Burden’s roots are in Clinton, Iowa, a city of 25,000 people on the Iowa-Illinois border. He learned to play with his dad and older brother, Joe, who went on to a standout career at the University of Illinois as the younger Burden watched closely. Mark, six years Joe’s junior, was an Iowa State Junior Amateur champion himself, and winning the Iowa State Junior PGA qualified him for the Junior World Championship in San Diego. He roomed with Rick Smith, now a nationally recognized instructor, and met future college teammate Mike Forgash.

In 1975, Mark Burden landed on the roster at Duke. He played four years, was captain for two, and won’t ever forget the experience – particularly his first college start, when he warmed up between a couple of Wake Forest stalwarts, Jay Haas and Curtis Strange.

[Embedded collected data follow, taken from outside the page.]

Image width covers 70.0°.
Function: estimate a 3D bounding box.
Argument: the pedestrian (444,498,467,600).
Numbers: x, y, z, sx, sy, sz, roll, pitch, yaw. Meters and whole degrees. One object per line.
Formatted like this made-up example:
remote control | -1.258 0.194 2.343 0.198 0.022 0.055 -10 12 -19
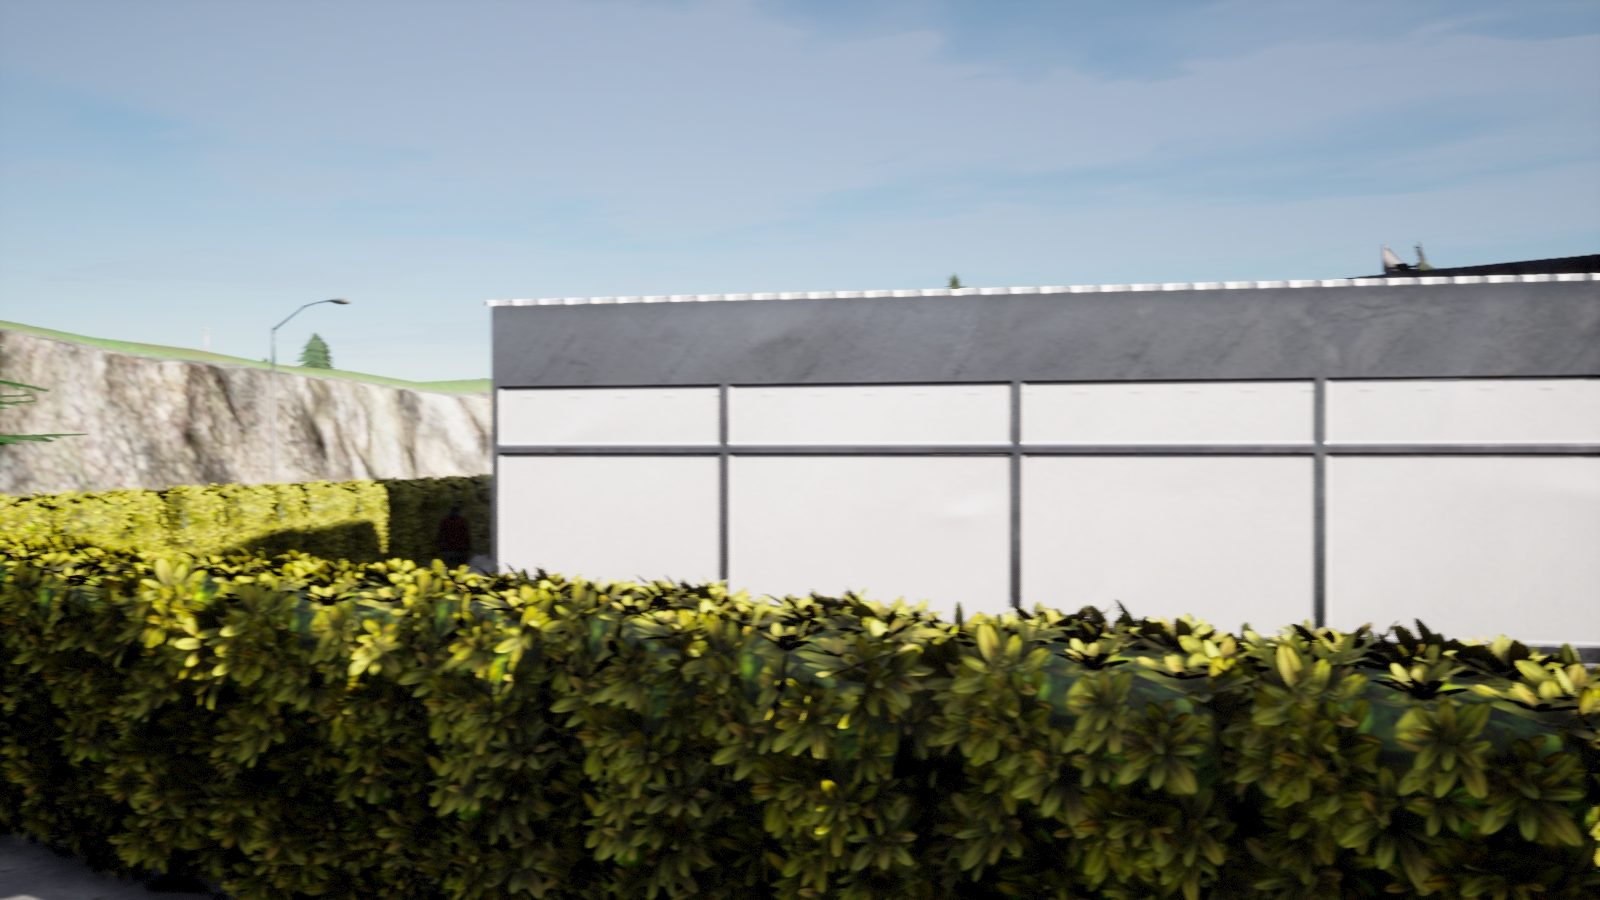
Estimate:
pedestrian | -6.386 1.825 21.199 0.375 1.860 0.375 0 0 -10
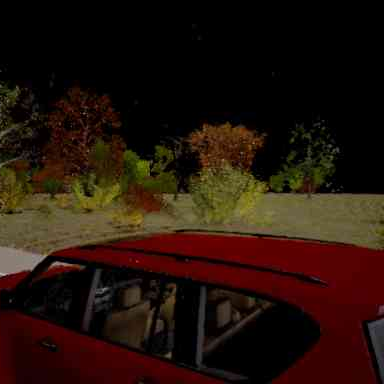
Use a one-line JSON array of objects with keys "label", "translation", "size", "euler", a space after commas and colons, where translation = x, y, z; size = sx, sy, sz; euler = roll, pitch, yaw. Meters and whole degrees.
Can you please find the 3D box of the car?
[{"label": "car", "translation": [-0.432, 1.314, 3.174], "size": [5.009, 1.841, 2.192], "euler": [0, 1, 36]}]
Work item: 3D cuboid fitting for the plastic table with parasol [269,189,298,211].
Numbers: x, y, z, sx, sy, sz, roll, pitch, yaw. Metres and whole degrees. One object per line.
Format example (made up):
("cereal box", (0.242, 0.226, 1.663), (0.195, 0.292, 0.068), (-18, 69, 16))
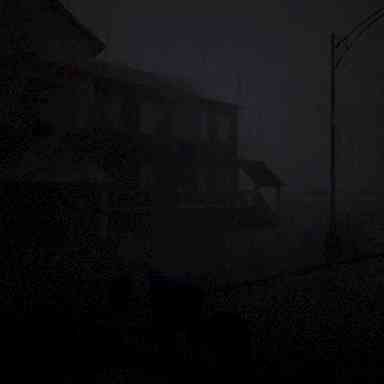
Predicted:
("plastic table with parasol", (11.139, 0.946, 40.551), (2.482, 2.480, 2.482), (0, 0, -35))

“It was a great experience,” Burden said of those years. “I struggled with my game, but it was probably the best thing that ever happened to me because you come back and fall in love with it again.”

Post-Duke, Burden, who had graduated with a degree in history, began working for Northwestern Mutual. Searching for something other than daily-fee golf, Burden fell in with a group of other young professionals and joined East Lake Golf Club in Atlanta. The course opened to walk-and-carry players at 2 p.m., for a reduced rate, so Burden and his crew would be waiting on the first tee by 1:59.

“I really got my game back there playing, it was so much fun,” he said. “I also had to kind of understand what golf is really all about and kind of put it in perspective.”

The 1980s and ‘90s were like a second wind in Burden’s golf life. “You sober up from that whole, ‘I’ve got to shoot 68 every time,’” he said, but he also scored a breakthrough at the hands of instructor Mike Adams. A few small tips clicked and Burden “started ripping it.”

The glory days of that era, pre-family life, included a trip to the 1986 U.S. Mid-Amateur, where Burden match play.

“To play really good golf, you have to be in balance,” Burden said. “What I mean by that is if you have a family, you have to be dedicated to them, you have to be grinding at the office so then golf can complement those things. You really appreciate it.”

Burden’s two sons, Quinn and Owen, were both college athletes. Quinn ran track at Georgia while Owen played four years of college golf at Furman from 2018 to 2022. Golf-dad life suited Burden so well that it moves him to tears to talk about it.

Mark Burden, right, with son Owen after Owen's recent hole-in-one (his third) in Cashiers, North Carolina. (Photo submitted)
Mark Burden, right, with son Owen after Owen’s recent hole-in-one (his third) in Cashiers, North Carolina. (Photo submitted)

In terms of this upcoming generation of players, he brags equally about Owen – who went on to earn a Master’s degree from Vanderbilt, pass his CPA exam and get a job with Ernst and Young in Charlotte, North Carolina – and Owen’s teammates and junior golf contemporaries. Burden knows all their stats and whereabouts.

He heaps praise on the junior program at Cherokee Town and Country Club in Atlanta, where Owen and his friends were welcomed into the game. Mark remains a member at Cherokee and has won the club’s senior championship eight times.

On a national scale, Burden qualified for the U.S. Senior Amateur in 2013 and 2015, making match play both times. Those are just two more chapters in Burden’s long and colorful history in a game that has shaped his life profoundly.

“The game is so special to me,” he said. “It took me from small-town Iowa to here so to me, it’s just the greatest game. It’s the best fraternity you would ever get the chance to join.”